Der Wienerberg – eine leicht und schnell erreichbare «Urlaubsidylle»
Eine postindustrielle Karriere ist möglich. Es gibt ein Leben nach Ausbeutung und Kapitalismus – in der Natur. Nach einer erfüllten Zeit als Lehmgrube für den Ziegelabbau kam nach dem Aus die Existenz als Mülldeponie. Seit etwa 25 Jahren ist der Wienerberg saniert und gilt als Oase der Naherholung. FKK inklusive, per Selbstermächtigung fand Karl Weidinger (Text und Fotos) heraus.
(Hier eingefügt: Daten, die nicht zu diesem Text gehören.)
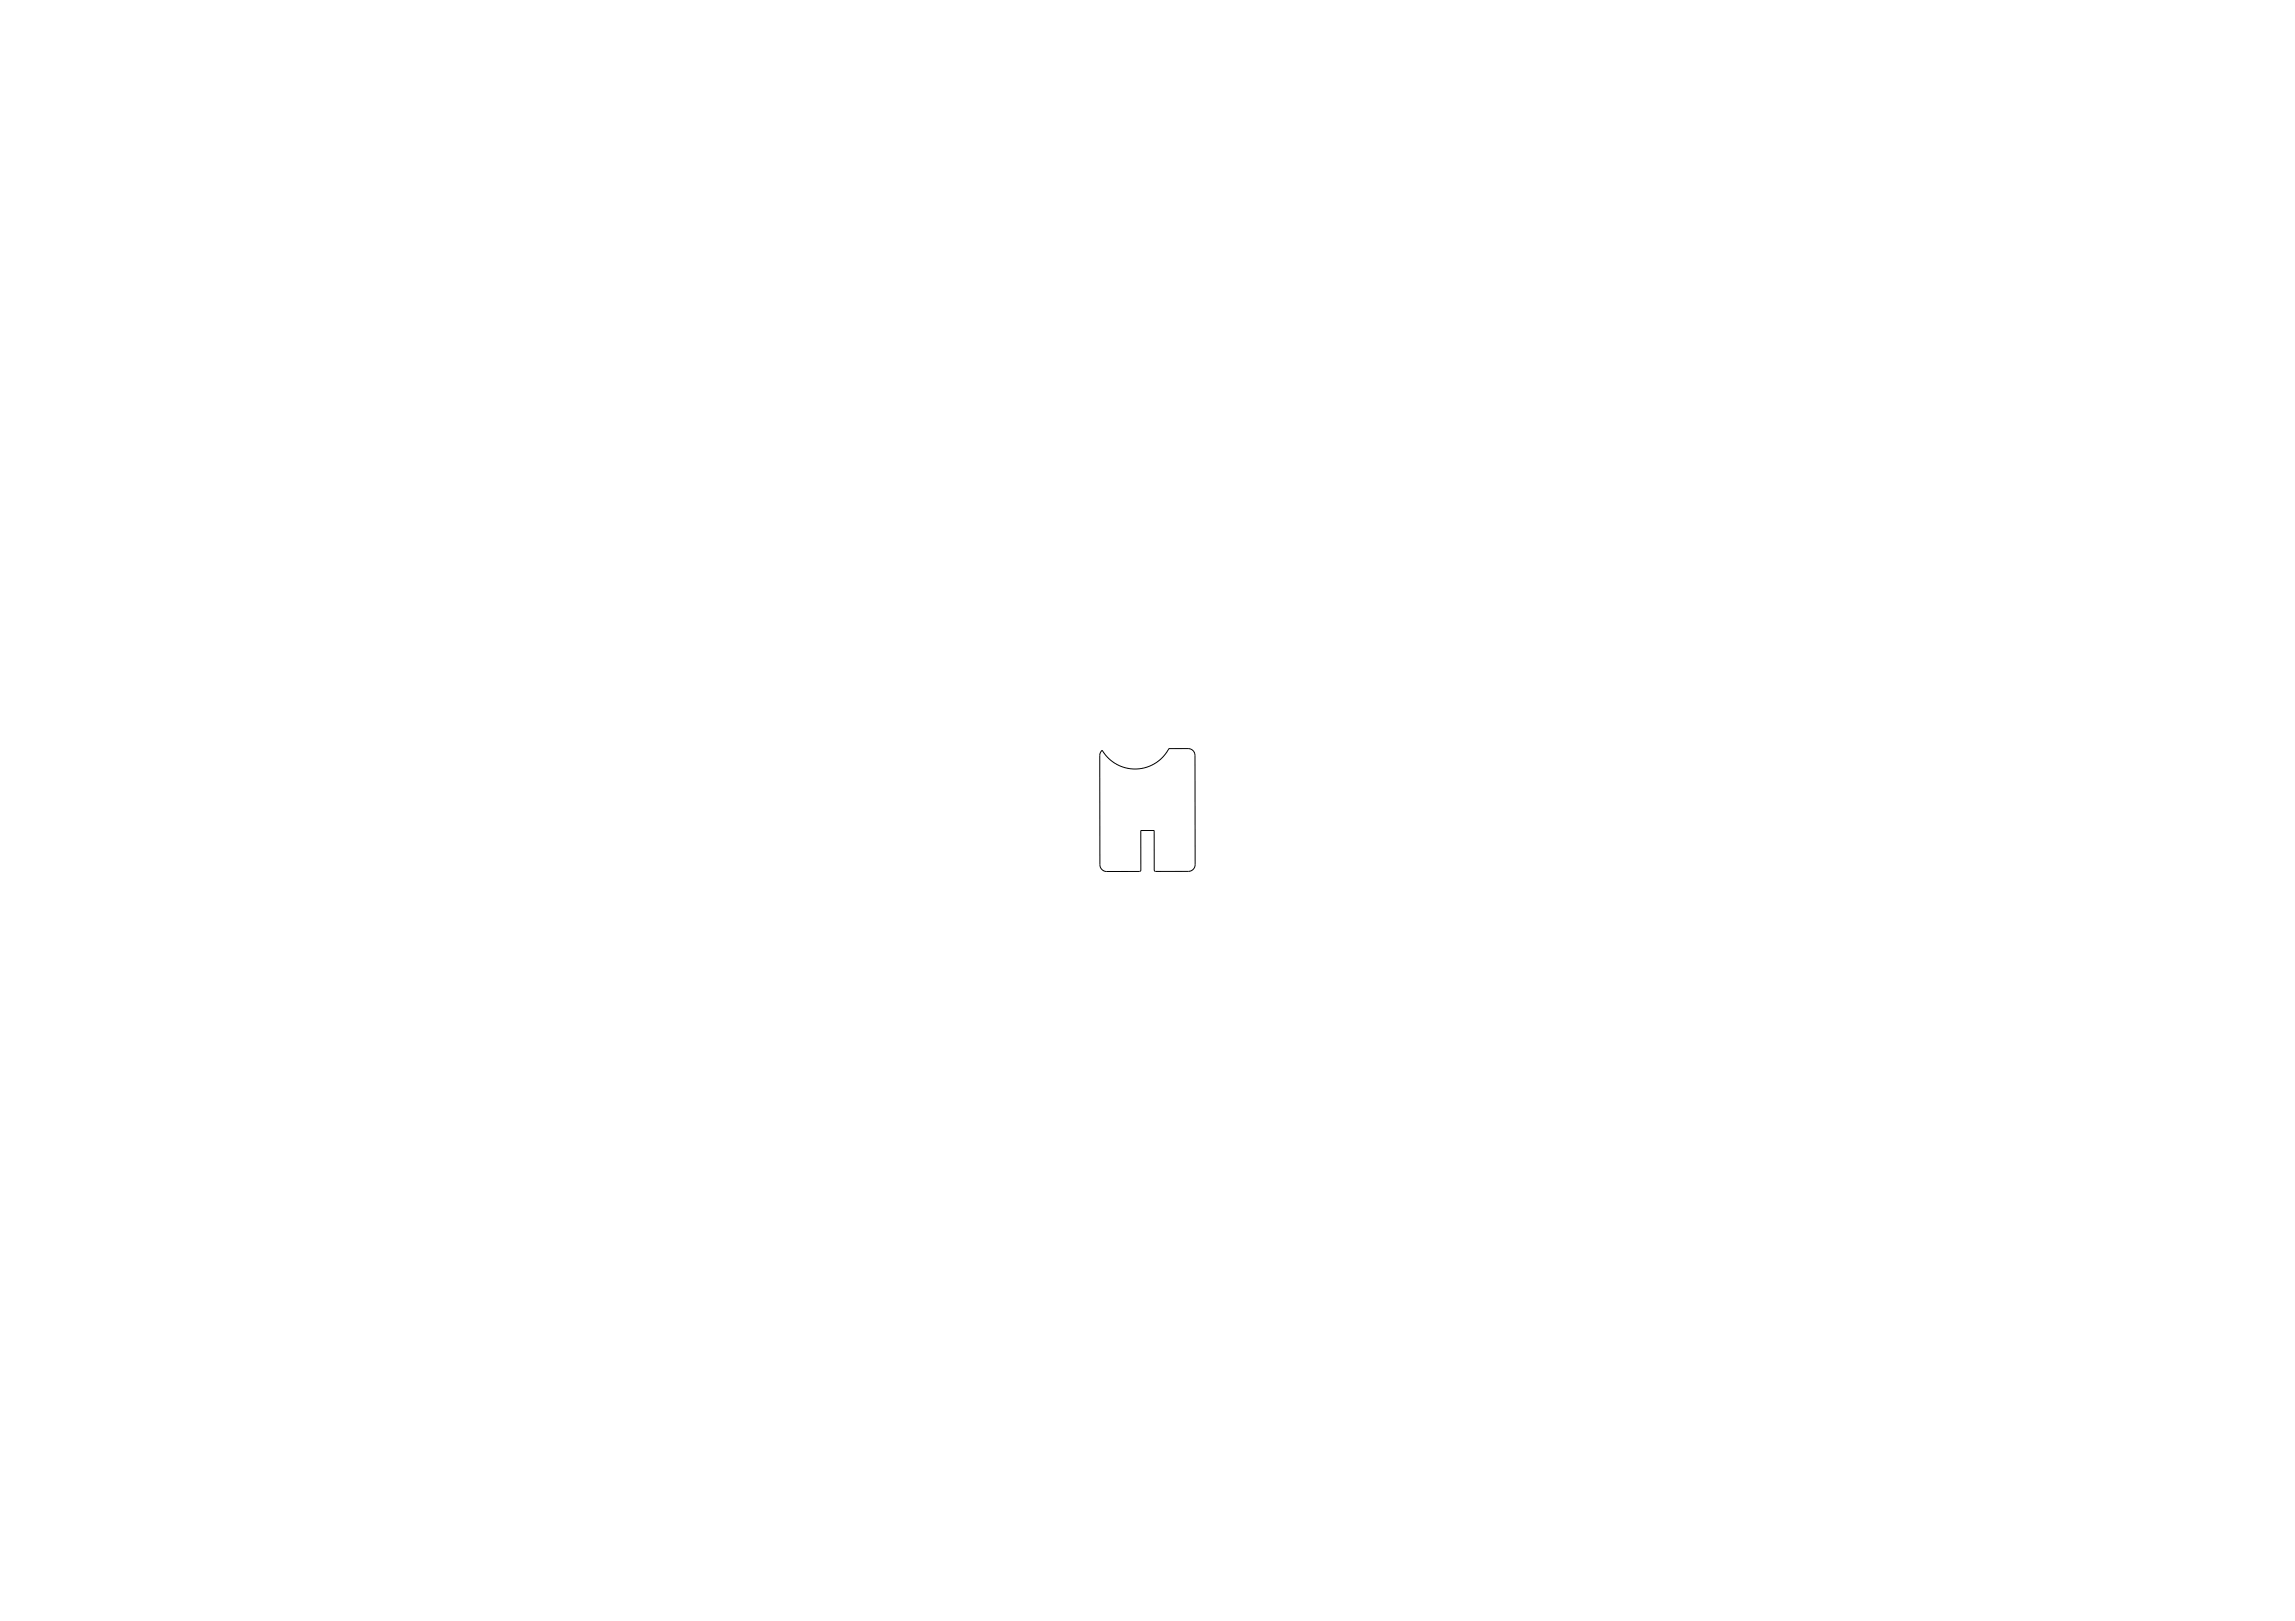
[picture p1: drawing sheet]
<svg xmlns="http://www.w3.org/2000/svg" width="841mm" height="594mm" viewBox="0 0 841 594" stroke-linecap="round" stroke-linejoin="round" font-family="sans-serif">
<path d="M403.7 275.1l.2-.2 2.7 3.3 2.8 2 3.3 1.2 3.7 .4 3.7-.6 3.2-1.5 2.9-2.4 2.1-3h7.1a2.5 2.5 0 0 1 2.5 2.5l.1 40a2.5 2.5 0 0 1-2.5 2.5h-12l-.5-.2-.1-14.8h-4.9l.1 14.5-.3 .5-12.2 .1a2.5 2.5 0 0 1-2.5-2.5l-.1-40 .2-1z" fill="none" stroke="#000" stroke-width=".37"/>
</svg>

Bildtext: Am Wienerberg gelten eigene Gesetze, quasi ein subversiver öffentlicher Raum. So ist bspw. der See nicht als Badewasser gewidmet
Mittlerweile ist es Sommer geworden. Sommer in der Stadt. Erholung tut not – ebenso wie Abkühlung. Unweit der Spinnerin am Kreuz, einer ehemaligen Hinrichtungsstätte, liegt eine «Urlaubsidylle», leicht und schnell erreichbar. Kaum weiter entfernt als Balkonien, womit der Urlaub zuhause gemeint ist. Und dort gibt es eine zwar nicht erlaubte, aber geduldete Möglichkeit, mitten in der Stadt textilfreien FKK-Urlaub zu machen.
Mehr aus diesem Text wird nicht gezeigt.